Przyznał, że wcześniej celowo poinformował o takim zamiarze
dziennikarzy i Towarzystwo Opieki nad Zwierzętami, aby zwrócić
uwagę na problemy polityki państwa w dziedzinie rolnictwa.
Poseł Budner na początku tygodnia rozesłał do mediów pismo, zaadresowane do TOZ w Warszawie, w którym informował, że od najbliższego poniedziałku ok. 2 tys. świń będących jego własnością pozostanie bez wody i paszy. "To nie są żarty, sprawa jest jak najbardziej poważna. Zmusza mnie do takiego posunięcia brak środków finansowych" - powiedział wtedy Budner.
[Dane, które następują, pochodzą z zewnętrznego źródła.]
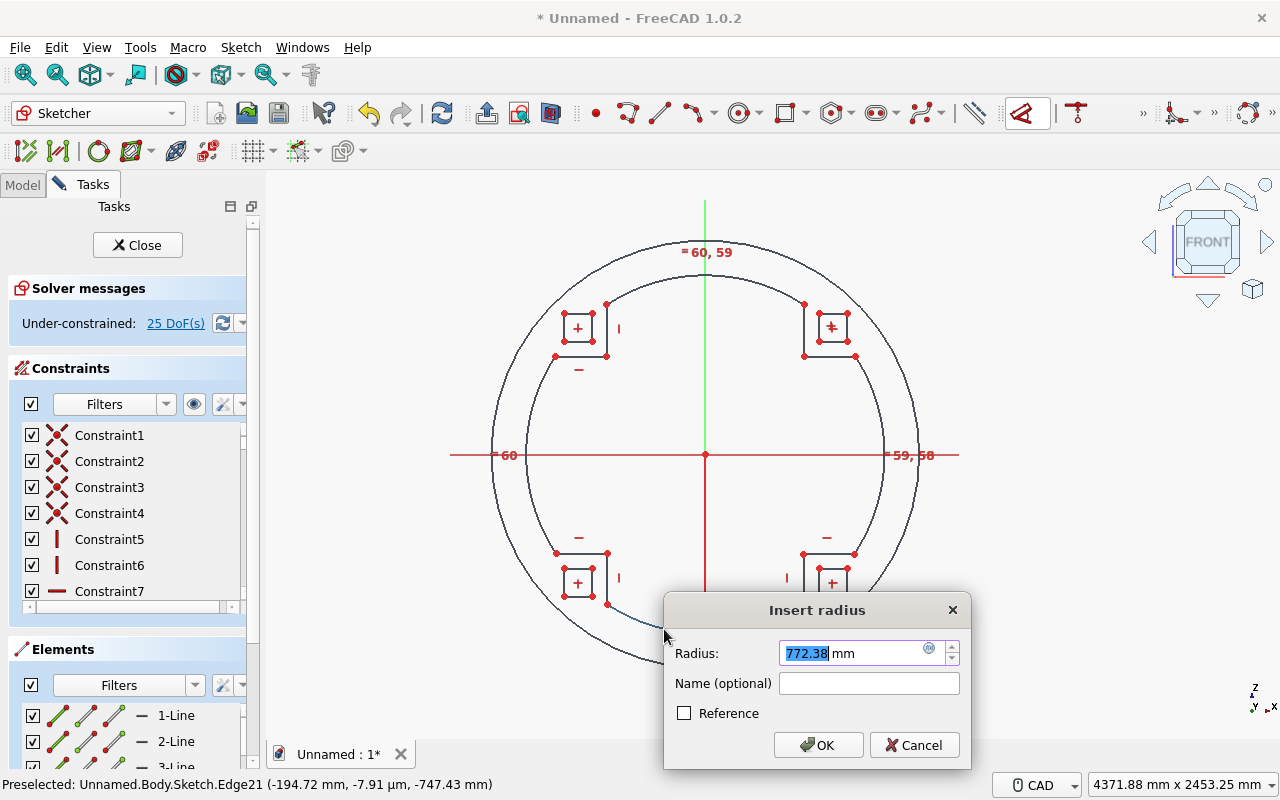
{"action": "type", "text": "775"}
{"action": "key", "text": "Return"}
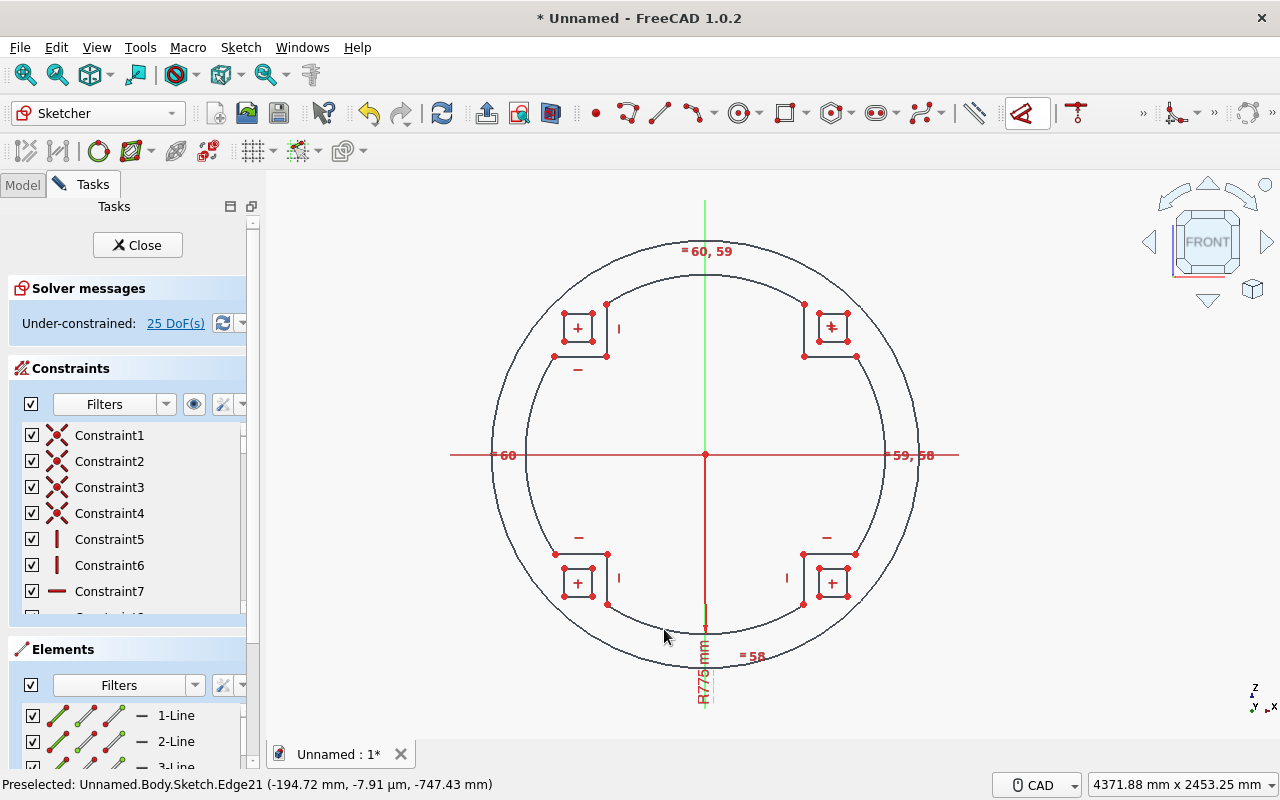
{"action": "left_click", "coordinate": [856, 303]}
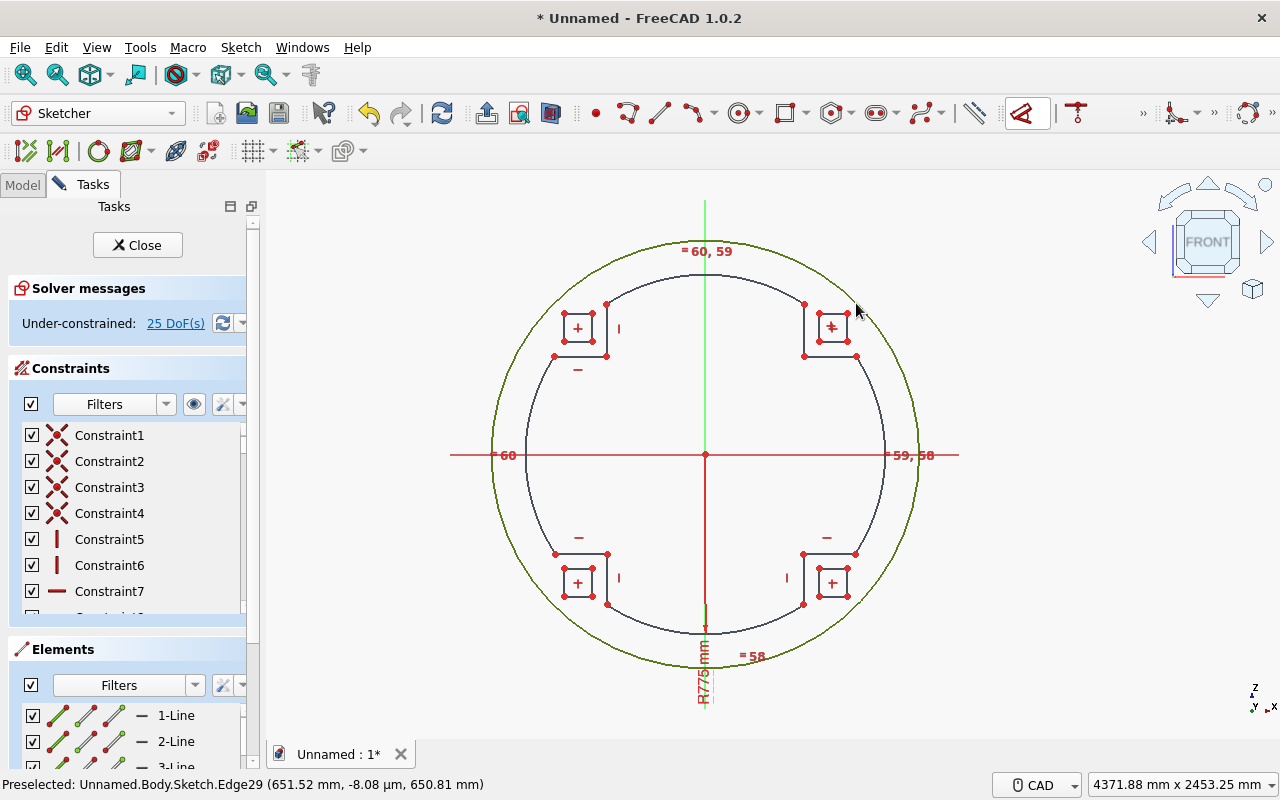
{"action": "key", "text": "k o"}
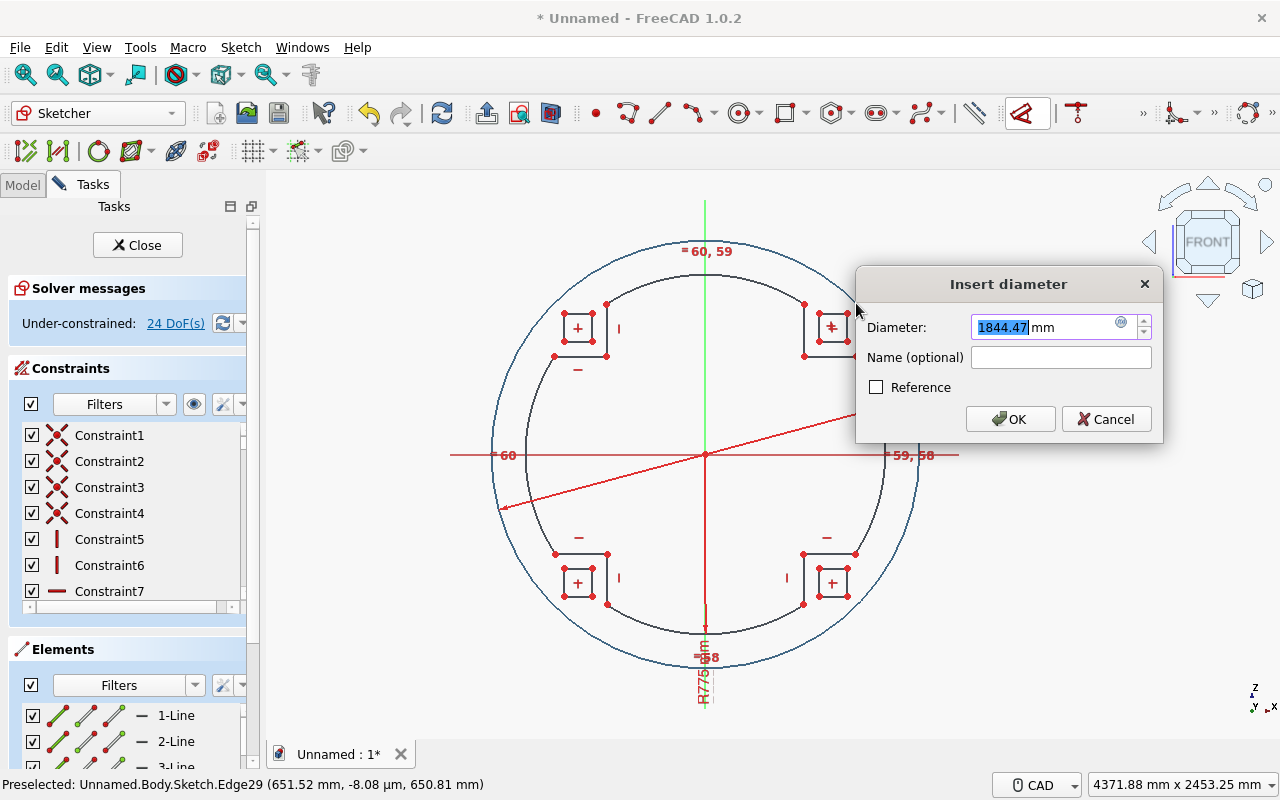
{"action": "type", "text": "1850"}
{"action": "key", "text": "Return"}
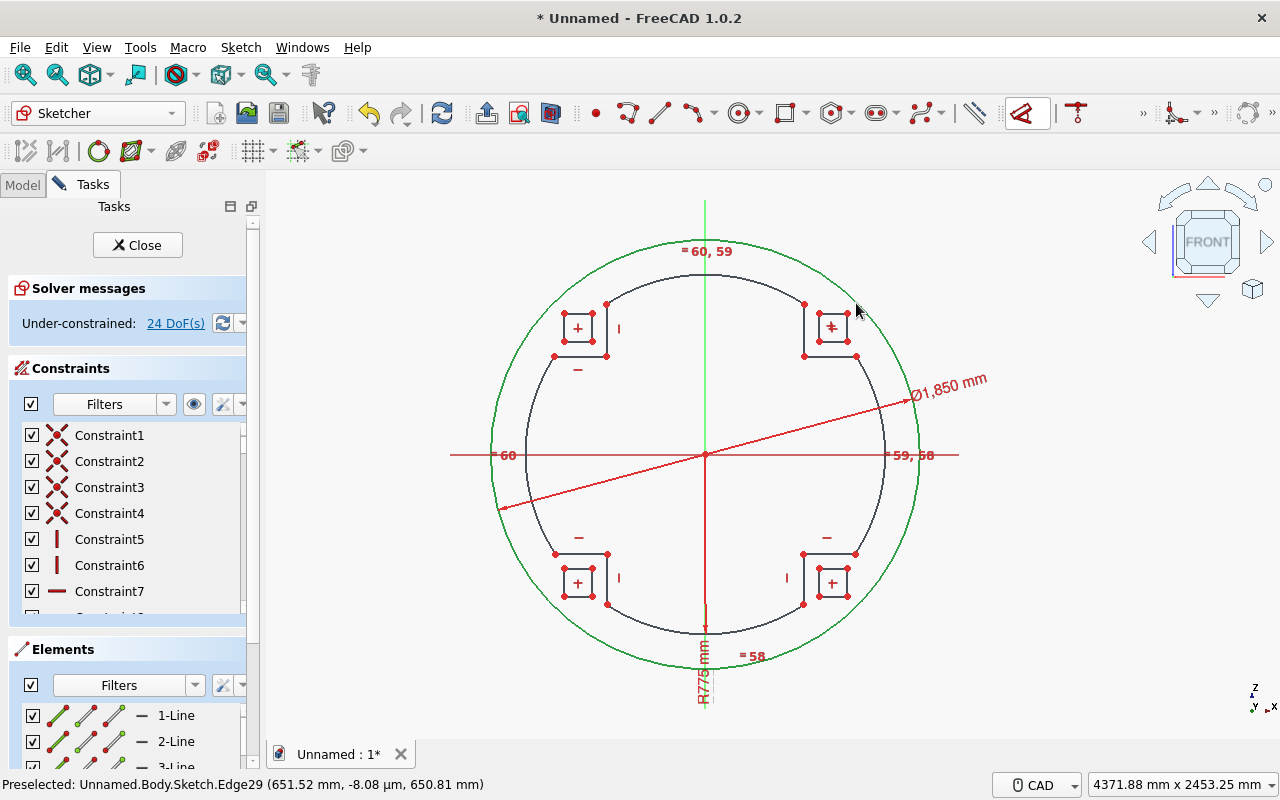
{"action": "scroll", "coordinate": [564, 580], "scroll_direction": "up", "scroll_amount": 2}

Tłumaczył dziennikarzom, że hodowla trzody chlewnej w Polsce stała się całkowicie nieopłacalna, a ceny skupu żywca nie pokrywają nawet kosztów produkcji. Taka sytuacja - mówił - wpędziła go w zadłużenie i nie stać go na kupno pasz.
Po nagłośnieniu sprawy przez media, a także po tym, jak inspektorzy TOZ ostrzegli posła przed konsekwencjami pozostawienia zwierząt bez pożywienia - Budner oznajmił, że była to z jego strony zamierzona prowokacja.
"Działacze Samoobrony, którzy są jednocześnie hodowcami zwierząt, traktują je z należytym szacunkiem i w żaden sposób nie doprowadzają do jakichkolwiek sytuacji, które mogłyby świadczyć o ich złym traktowaniu" - zapewnił lider partii Andrzej Lepper w liście skierowanym do prezesa konińskiego oddziału TOZ.
Lider Samoobrony dodał, że działania posła Budnera miały na celu "uświadomienie decydentom, że jeśli hodowla w naszym kraju będzie nadal tak nieopłacalna i rolnicy będą odcinani od środków finansowych, to mogą nie mieć możliwości nie tylko utrzymania własnych rodzin z działalności hodowlanej, ale nie będą nawet mieli możliwości zakupu paszy i wykarmienia zwierząt".